» The problem
Starting at the line below holding "item | result |" and stopping at the line holding "at (0, 35) |", print every line exactly, both ends included, and leave the rest out.

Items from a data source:
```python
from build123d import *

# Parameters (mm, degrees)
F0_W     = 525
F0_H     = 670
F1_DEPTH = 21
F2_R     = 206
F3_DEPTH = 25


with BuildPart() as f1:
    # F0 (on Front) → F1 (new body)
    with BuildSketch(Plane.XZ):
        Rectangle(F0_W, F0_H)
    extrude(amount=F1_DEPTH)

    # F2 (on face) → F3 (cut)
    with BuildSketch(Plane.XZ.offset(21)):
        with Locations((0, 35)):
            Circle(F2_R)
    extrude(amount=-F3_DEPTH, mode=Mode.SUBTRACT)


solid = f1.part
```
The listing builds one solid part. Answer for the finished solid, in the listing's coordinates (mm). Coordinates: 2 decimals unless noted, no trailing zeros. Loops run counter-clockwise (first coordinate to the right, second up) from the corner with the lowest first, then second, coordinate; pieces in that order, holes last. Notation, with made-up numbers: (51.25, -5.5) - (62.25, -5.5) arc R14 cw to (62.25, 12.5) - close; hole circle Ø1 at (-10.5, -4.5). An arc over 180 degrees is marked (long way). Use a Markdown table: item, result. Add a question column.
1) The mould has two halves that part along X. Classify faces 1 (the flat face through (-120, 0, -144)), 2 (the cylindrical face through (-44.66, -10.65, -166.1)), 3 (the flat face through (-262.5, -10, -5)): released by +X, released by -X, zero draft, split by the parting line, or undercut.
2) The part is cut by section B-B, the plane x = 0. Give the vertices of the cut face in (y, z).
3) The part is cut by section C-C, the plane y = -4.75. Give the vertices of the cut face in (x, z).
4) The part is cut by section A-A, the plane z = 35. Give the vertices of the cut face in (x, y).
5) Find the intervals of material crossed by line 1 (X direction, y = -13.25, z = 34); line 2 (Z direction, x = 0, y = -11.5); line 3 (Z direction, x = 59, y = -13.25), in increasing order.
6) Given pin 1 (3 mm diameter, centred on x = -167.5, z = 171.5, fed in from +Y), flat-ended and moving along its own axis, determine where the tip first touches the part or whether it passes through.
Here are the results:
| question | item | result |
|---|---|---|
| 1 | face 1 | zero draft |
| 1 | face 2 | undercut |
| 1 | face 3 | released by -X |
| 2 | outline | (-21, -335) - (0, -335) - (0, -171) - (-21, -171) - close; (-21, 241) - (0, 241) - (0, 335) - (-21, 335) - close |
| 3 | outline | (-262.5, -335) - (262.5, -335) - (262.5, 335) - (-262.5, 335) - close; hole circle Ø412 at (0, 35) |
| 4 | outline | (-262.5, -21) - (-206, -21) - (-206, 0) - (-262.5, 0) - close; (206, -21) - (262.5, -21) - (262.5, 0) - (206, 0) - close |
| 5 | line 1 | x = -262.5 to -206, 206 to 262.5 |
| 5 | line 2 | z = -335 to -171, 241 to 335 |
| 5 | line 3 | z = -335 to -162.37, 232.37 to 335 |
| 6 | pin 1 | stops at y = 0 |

» Exercise result
| question | item | result |
|---|---|---|
| 1 | face 1 | zero draft |
| 1 | face 2 | undercut |
| 1 | face 3 | released by -X |
| 2 | outline | (-21, -335) - (0, -335) - (0, -171) - (-21, -171) - close; (-21, 241) - (0, 241) - (0, 335) - (-21, 335) - close |
| 3 | outline | (-262.5, -335) - (262.5, -335) - (262.5, 335) - (-262.5, 335) - close; hole circle Ø412 at (0, 35) |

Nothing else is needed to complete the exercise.